Setelah berakhirnya kejayaan Gusti Patih Jayaningrat dengan bergodho Pasukanya Ardha Dedali, lambang dari Dhuwaja juga turut lenyap dan baru muncul kembali masa meletusnya perang jawa. Seperti tersebut diatas Gusti Patih Jayaningrat memiliki putra sebelas orang dan hanya satu yang laki-laki bernama pengeran Ariyo Wirobumi yang juga mengabdi di Metaram menjadi Senopati Bergelar Raden Tumenggung Banteng Mataram dan bermukim di Saptosari Gunungkidul. Beliau hanya memiki seorang putra bernama Muchammad Ilyas Sidiq akan tetapi memiliki kondisi yang kurang sempurna dengan dikaruniai cacat fisik berupa lumpuh di kaki sehingga tidak bisa berjalan. Akan tetapi karena beliau masih memiliki darah keturunan Sambi Pitu sehingga walaupun kondisinya sedemikian beliau juga memiliki kesaktian yang sangat tinggi. Beliau menikah dengan Gusti Raden Ayu Retno Martuti Prawirodirjo cucu Pakubuono dari Solo bibi dari Panglima Ali Basah Sentot Prawirodirjo.

Pada masa bergolaknya perang jawa dimana Panglima Alibasah Abdul Mustafa Prawiradirja atau Ali Basyah Sentot Prawirodirjo berperan sebagai Panglima Pasukan Laskar Bulkiyah atau pasukan berkuda khusus satuan elit  pengawal Pangeran Diponegoro yang sangat pemberani dan sangat ditakuti oleh pihak Belanda .

Kanjeng Pangeran Diponegoro


Pada pertengahan tahun 1825, tepatnya pada awal Juli 1825, Patih Danureja IV, kolabolator Belanda yang setia, telah memerintahkan pejabat-pejabat kesultanan Yogyakarta untuk membuat jalan, di mana antara lain menembus tanah milik Diponegoro dan neneknya di Tegalrejo.
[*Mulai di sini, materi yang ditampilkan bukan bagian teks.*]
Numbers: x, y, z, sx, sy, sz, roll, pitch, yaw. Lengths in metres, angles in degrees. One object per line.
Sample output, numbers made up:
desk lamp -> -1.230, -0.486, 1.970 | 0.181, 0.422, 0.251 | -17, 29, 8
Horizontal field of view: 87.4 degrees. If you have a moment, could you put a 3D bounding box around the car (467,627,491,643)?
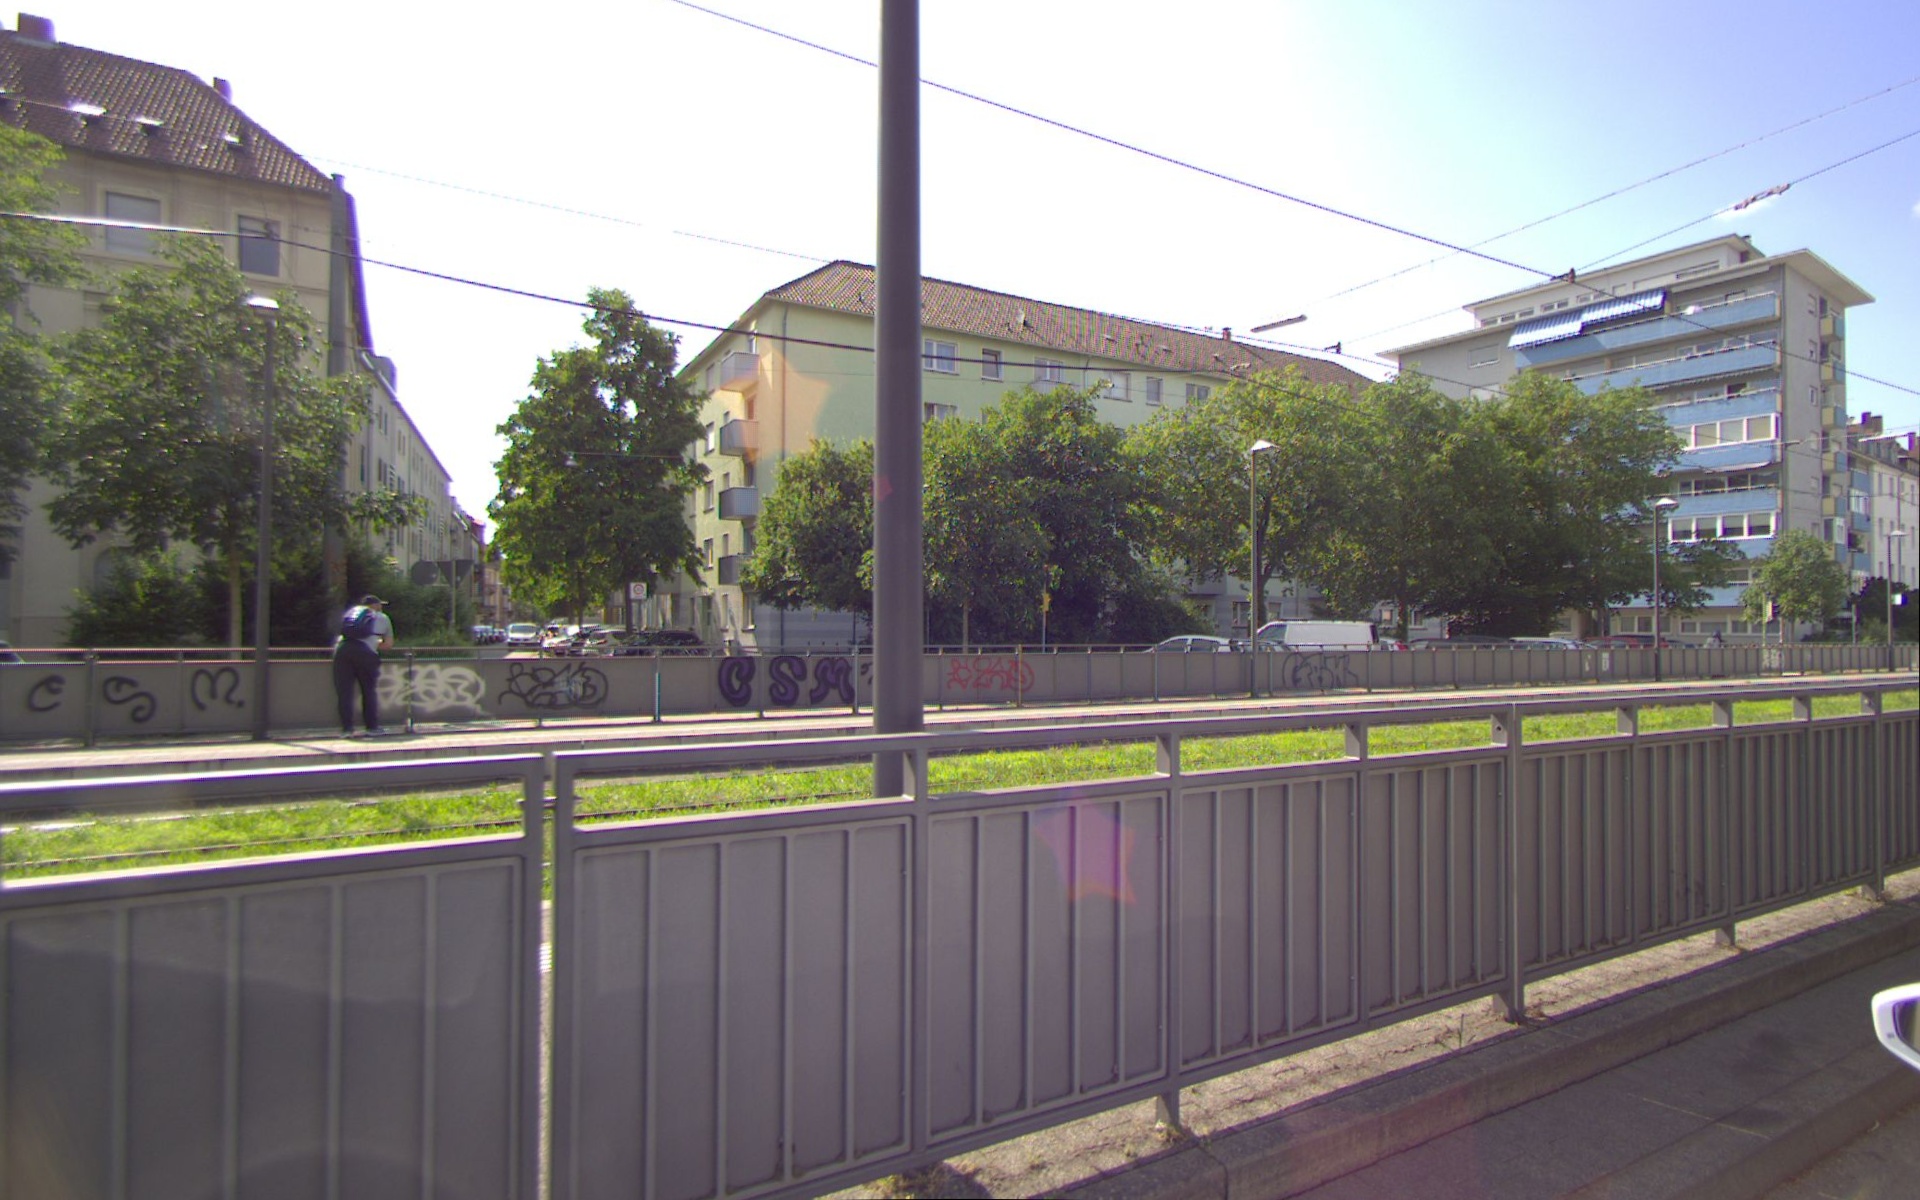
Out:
car -> -46.302, 3.388, 96.709 | 1.797, 1.498, 3.980 | 1, -3, -22

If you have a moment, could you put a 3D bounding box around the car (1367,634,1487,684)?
car -> 15.923, 1.981, 34.268 | 3.601, 1.600, 1.646 | -1, -2, 30

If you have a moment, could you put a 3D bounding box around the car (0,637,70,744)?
car -> -16.229, 1.361, 15.538 | 4.071, 1.585, 1.927 | -1, -3, 20

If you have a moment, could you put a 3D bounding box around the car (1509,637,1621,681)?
car -> 23.167, 2.231, 38.580 | 3.601, 1.600, 1.646 | -1, -2, 30

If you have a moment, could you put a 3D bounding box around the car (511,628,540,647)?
car -> -31.558, 2.727, 72.978 | 1.847, 1.383, 3.978 | 1, -2, -23

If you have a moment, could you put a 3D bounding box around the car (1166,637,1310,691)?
car -> 8.352, 1.887, 30.208 | 3.926, 1.505, 1.607 | -1, -2, 27

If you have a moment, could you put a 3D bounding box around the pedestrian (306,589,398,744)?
pedestrian -> -6.676, 0.711, 11.035 | 0.790, 1.599, 0.983 | 2, -2, -32

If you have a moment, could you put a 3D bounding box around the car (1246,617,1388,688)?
car -> 11.131, 1.590, 31.350 | 3.880, 2.097, 2.047 | -1, -2, 29

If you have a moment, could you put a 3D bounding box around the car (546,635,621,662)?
car -> -19.550, 2.513, 52.274 | 1.549, 1.340, 3.614 | -1, -2, 24

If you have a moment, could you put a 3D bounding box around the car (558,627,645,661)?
car -> -17.807, 2.170, 50.052 | 1.838, 1.639, 3.998 | -1, -2, 24

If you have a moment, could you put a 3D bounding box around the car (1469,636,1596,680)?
car -> 21.070, 2.113, 37.062 | 3.957, 1.534, 1.606 | -1, -2, 31

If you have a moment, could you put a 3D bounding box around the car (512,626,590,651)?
car -> -23.533, 2.227, 57.955 | 1.838, 1.383, 3.998 | -1, -2, 24

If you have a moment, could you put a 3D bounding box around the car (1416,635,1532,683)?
car -> 18.249, 2.062, 35.713 | 3.601, 1.600, 1.646 | -1, -2, 30

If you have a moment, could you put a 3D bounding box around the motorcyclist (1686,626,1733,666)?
motorcyclist -> 25.481, 1.563, 34.160 | 0.974, 1.357, 0.934 | 1, -2, -29

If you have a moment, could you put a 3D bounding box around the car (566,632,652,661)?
car -> -16.496, 2.179, 47.398 | 1.549, 1.340, 3.998 | -1, -2, 24

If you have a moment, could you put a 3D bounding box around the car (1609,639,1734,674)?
car -> 30.107, 2.363, 42.636 | 4.054, 1.412, 1.609 | -1, -2, 22

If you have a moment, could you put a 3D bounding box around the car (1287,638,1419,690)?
car -> 12.991, 2.073, 33.200 | 3.880, 1.600, 1.716 | -1, -2, 29

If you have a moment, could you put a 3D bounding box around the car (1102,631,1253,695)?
car -> 6.194, 1.738, 28.613 | 3.923, 1.662, 1.826 | -1, 0, 24

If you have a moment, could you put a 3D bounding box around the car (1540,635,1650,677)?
car -> 25.196, 2.193, 39.976 | 3.601, 1.600, 1.646 | -1, -2, 30

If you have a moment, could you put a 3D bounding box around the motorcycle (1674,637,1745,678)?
motorcycle -> 25.469, 1.939, 34.113 | 2.487, 1.357, 1.010 | 1, -2, -30

Penggunaan tanah milik Diponegoro untuk jalan tanpa sepengetahuan Diponegoro sebagai pemiliknya. Oleh karena itu Diponegoro memerintahkan pegawai-pegawainya untuk mencabut tonggak-tonggak yang dipancangkan sebagai tanda pembuatan jalan oleh Patih Danureja IV. Tindakan Diponegoro ini diikuti oleh protes keras dan menuntut supaya Patih Danureja dipecat dari jabatannya. Tetapi A.H. Smisaert, selaku Residen Belanda di Yogyakarta menolak dan menekan sultan untuk tetap mempertahankan Patih Danureja IV.

Suasana tegang ini dikeruhkan oleh informasi yang menyatakan bahwa penguasa kolonial Belanda akan menangkap Diponegoro. Mendengar berita ini, rakyat yang telah dendam dan marah terhadap penguasa kolonial Belanda berkumpul menyatakan setia untuk membela dan mempertahankan Diponegoro, jika rencana penangkapan itu terjadi. Ketegangan ini menimhulkan kegelisahan.
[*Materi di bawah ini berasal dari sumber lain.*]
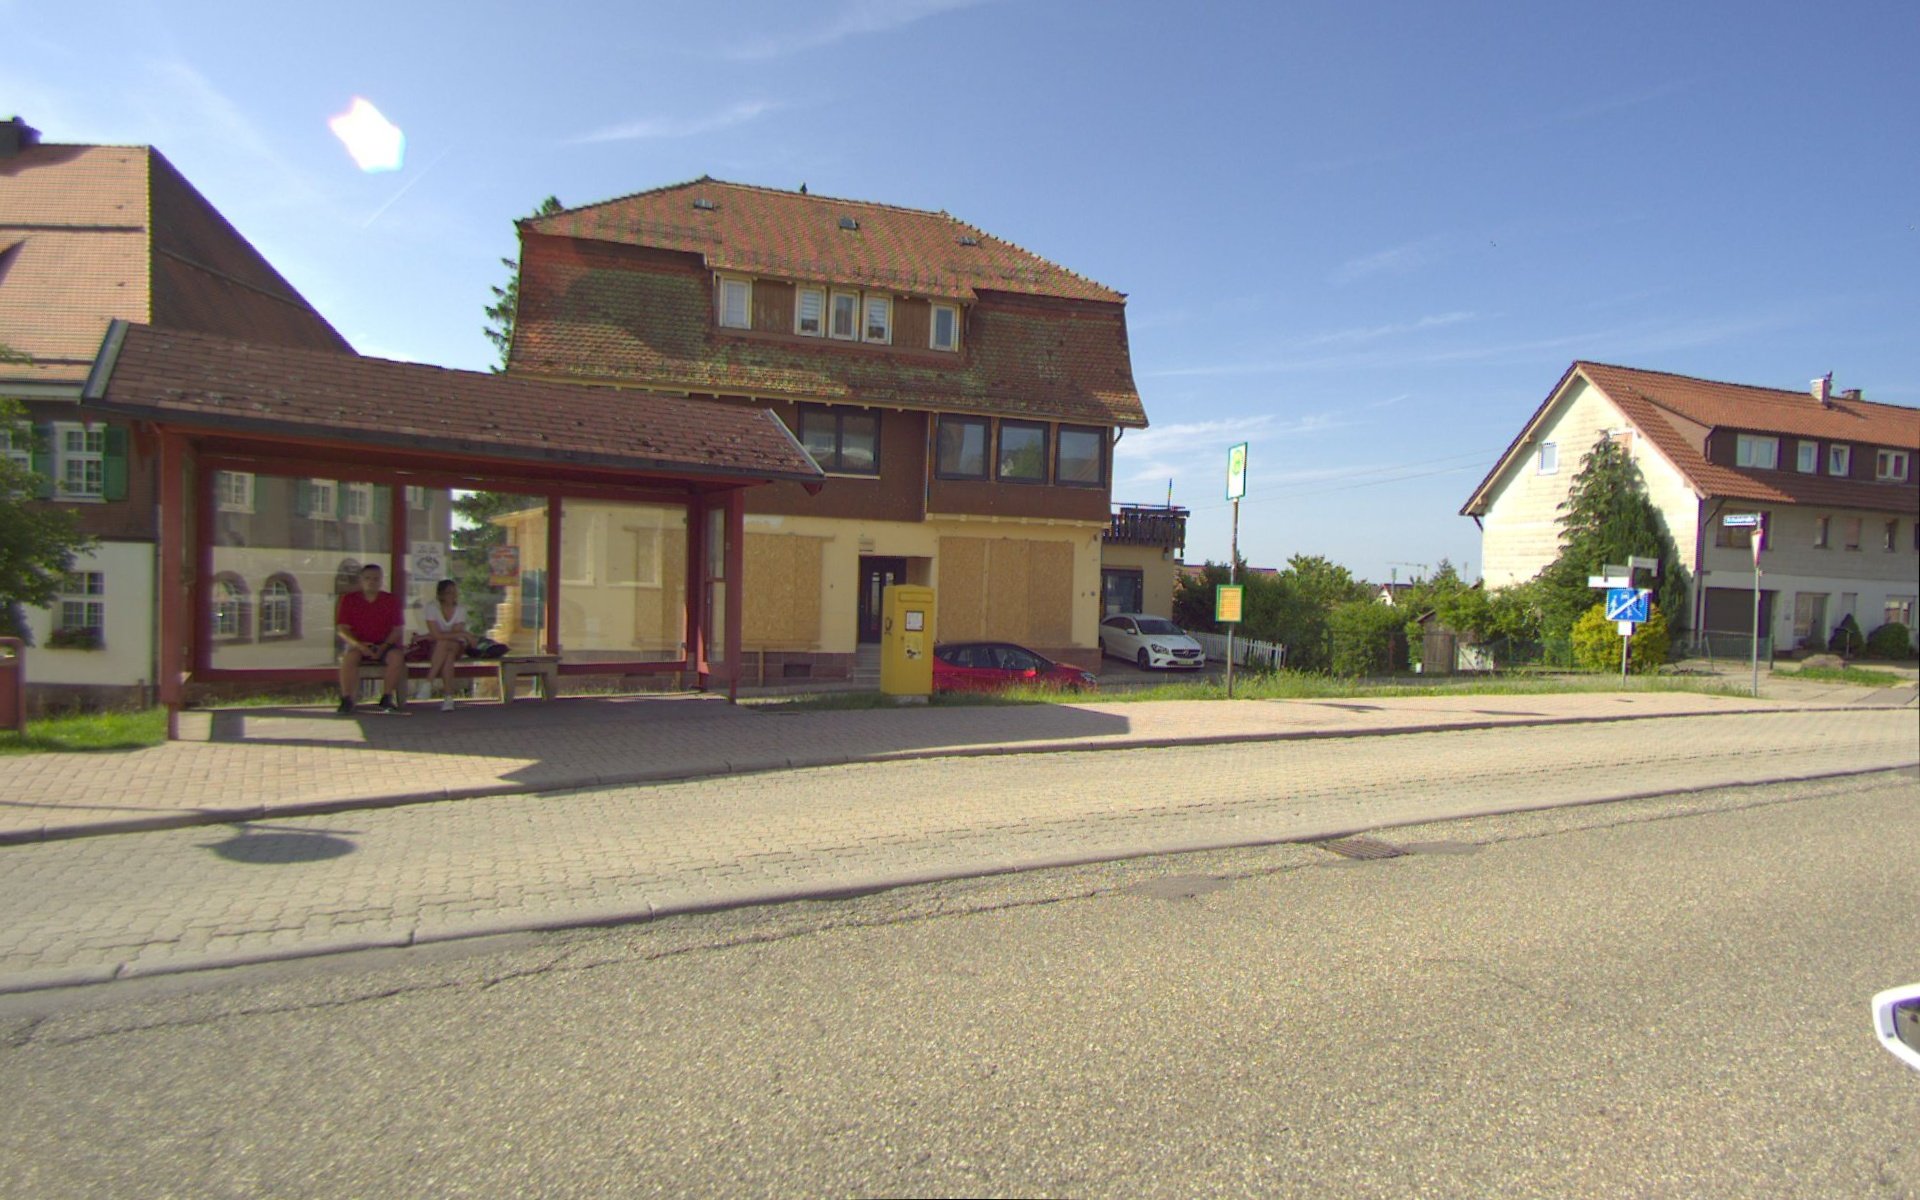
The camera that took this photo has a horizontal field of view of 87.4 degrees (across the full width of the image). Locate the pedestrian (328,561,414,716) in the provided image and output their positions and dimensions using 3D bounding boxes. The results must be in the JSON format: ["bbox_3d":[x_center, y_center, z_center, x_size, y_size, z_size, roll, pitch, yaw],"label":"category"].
[{"bbox_3d":[-5.515,0.352,9.406,0.667,1.382,0.614,0,-1,-32],"label":"pedestrian"}]

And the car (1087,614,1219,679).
[{"bbox_3d":[5.547,1.299,29.438,1.773,1.531,4.295,3,1,-20],"label":"car"}]

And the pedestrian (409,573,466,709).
[{"bbox_3d":[-5.069,0.394,9.729,0.419,1.269,0.625,1,-2,-33],"label":"pedestrian"}]

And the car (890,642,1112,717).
[{"bbox_3d":[0.763,1.480,19.371,3.935,1.314,1.721,1,-1,-16],"label":"car"}]

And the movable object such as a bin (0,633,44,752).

Langkah pertama yang ditempuh oleh Diponegoro adalah mengeluarkan seruan kepada seluruh rakyat Mataram untuk sama-sama berjuang menentang penguasa kolonial Belanda dan para tiran, yang senantiasa menindas rakyat. Seruan itu antara lain berbunyi: “Saudara-saudara di tanah dataran! Apabila saudura-¬saudara mencintai saya, datanglah dan bersama-sama saya dan paman saya ke Selarong. Siapa saja yang mencintai saya datangdah segera dan bersiap-siap untuk bertempur.” Seruan ini disebar-luaskan di seluruh tanah Mataram, khusuanya di Jawa Tengah dan mendapat sambutan hampir sebagian besar lapisan masyarakat. Dan daerah Selarong penuh sesak, dipenuhi oleh pasukan rakyat!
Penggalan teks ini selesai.